[[ SUPPLIED MATERIAL open ]]

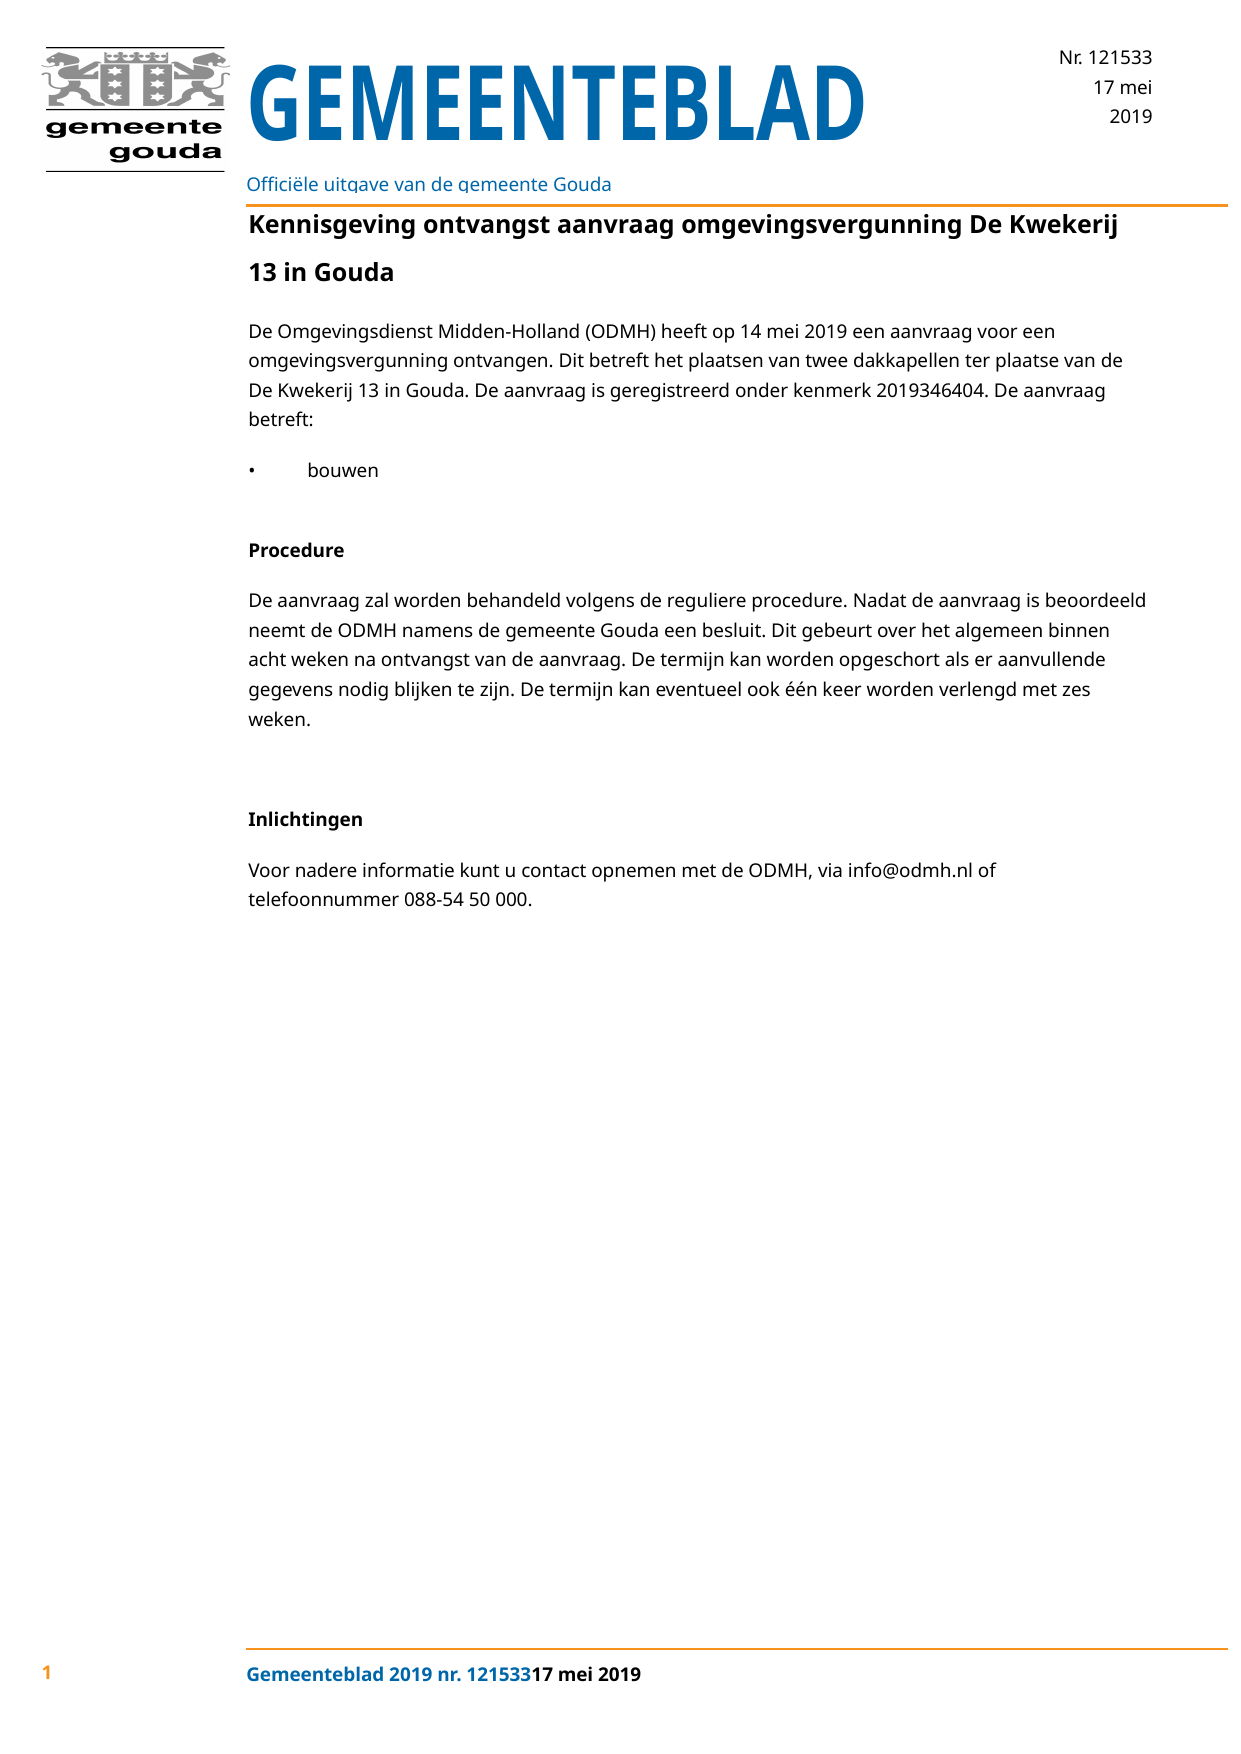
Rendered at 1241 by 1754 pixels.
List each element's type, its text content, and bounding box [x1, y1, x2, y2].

text Procedure [248, 537, 1152, 563]
text Kennisgeving ontvangst aanvraag omgevingsvergunning De Kwekerij 13 in Gouda [248, 207, 1152, 288]
list bouwen [248, 457, 1152, 483]
text Inlichtingen [248, 807, 1152, 832]
picture [41, 47, 231, 172]
text De aanvraag zal worden behandeld volgens de reguliere procedure. Nadat de aanvraag is beoordeeld neemt de ODMH namens de gemeente Gouda een besluit. Dit gebeurt over het algemeen binnen acht weken na ontvangst van de aanvraag. De termijn kan worden opgeschort als er aanvullende gegevens nodig blijken te zijn. De termijn kan eventueel ook één keer worden verlengd met zes weken. [248, 587, 1152, 732]
text Voor nadere informatie kunt u contact opnemen met de ODMH, via info@odmh.nl of telefoonnummer 088-54 50 000. [248, 857, 1152, 912]
text De Omgevingsdienst Midden-Holland (ODMH) heeft op 14 mei 2019 een aanvraag voor een omgevingsvergunning ontvangen. Dit betreft het plaatsen van twee dakkapellen ter plaatse van de De Kwekerij 13 in Gouda. De aanvraag is geregistreerd onder kenmerk 2019346404. De aanvraag betreft: [248, 318, 1152, 432]
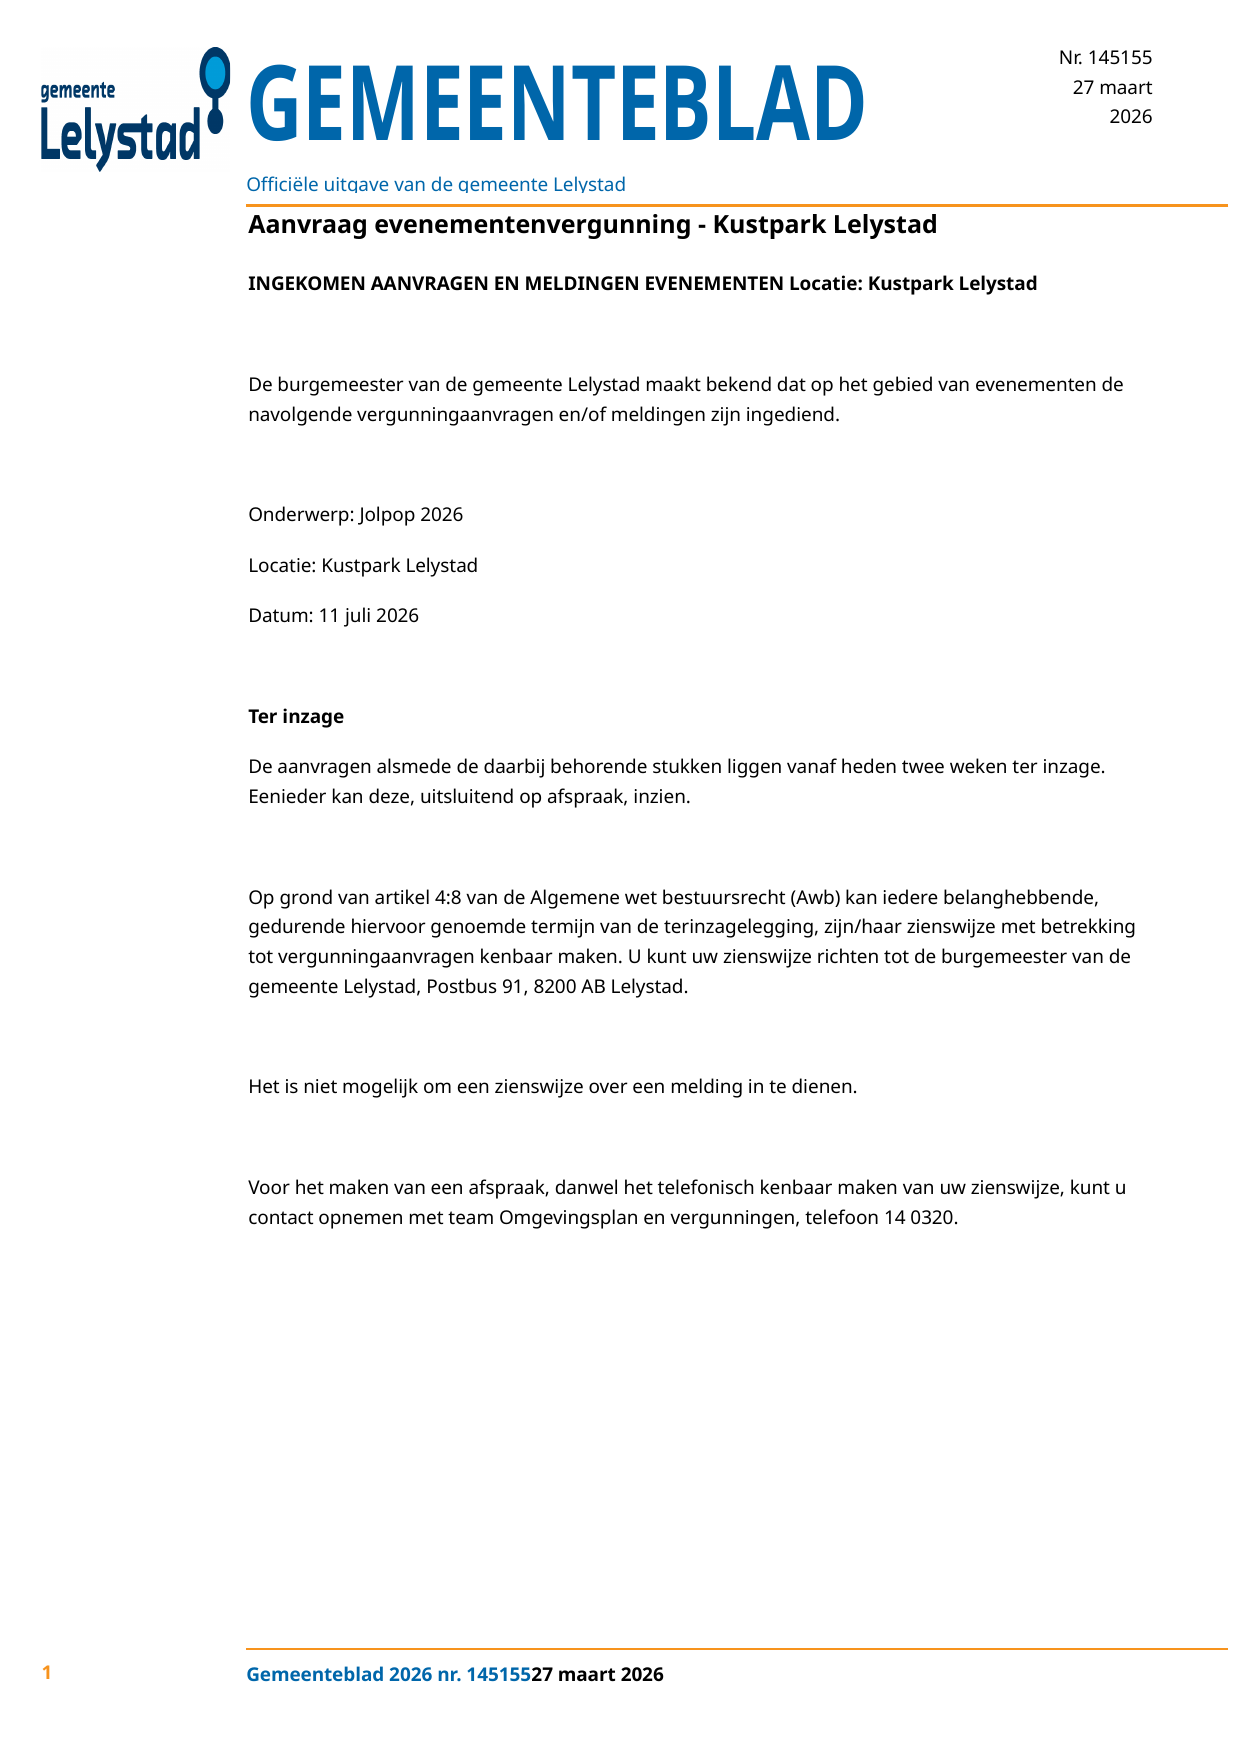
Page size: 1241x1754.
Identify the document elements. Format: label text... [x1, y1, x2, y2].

text Locatie: Kustpark Lelystad [248, 552, 1152, 578]
text Datum: 11 juli 2026 [248, 602, 1152, 628]
text Aanvraag evenementenvergunning - Kustpark Lelystad [248, 207, 1152, 241]
text Voor het maken van een afspraak, danwel het telefonisch kenbaar maken van uw zienswijze, kunt u contact opnemen met team Omgevingsplan en vergunningen, telefoon 14 0320. [248, 1174, 1152, 1230]
text INGEKOMEN AANVRAGEN EN MELDINGEN EVENEMENTEN Locatie: Kustpark Lelystad [248, 270, 1152, 296]
text Het is niet mogelijk om een zienswijze over een melding in te dienen. [248, 1074, 1152, 1099]
text Onderwerp: Jolpop 2026 [248, 502, 1152, 527]
text Op grond van artikel 4:8 van de Algemene wet bestuursrecht (Awb) kan iedere belanghebbende, gedurende hiervoor genoemde termijn van de terinzagelegging, zijn/haar zienswijze met betrekking tot vergunningaanvragen kenbaar maken. U kunt uw zienswijze richten tot de burgemeester van de gemeente Lelystad, Postbus 91, 8200 AB Lelystad. [248, 884, 1152, 998]
text De burgemeester van de gemeente Lelystad maakt bekend dat op het gebied van evenementen de navolgende vergunningaanvragen en/of meldingen zijn ingediend. [248, 371, 1152, 426]
picture [41, 47, 231, 172]
text Ter inzage [248, 703, 1152, 729]
text De aanvragen alsmede de daarbij behorende stukken liggen vanaf heden twee weken ter inzage. Eenieder kan deze, uitsluitend op afspraak, inzien. [248, 754, 1152, 809]

[[ SUPPLIED MATERIAL closed ]]

Across the entries, each line containing the word "Locatie" is to be counted once; the total alone is to be given.

2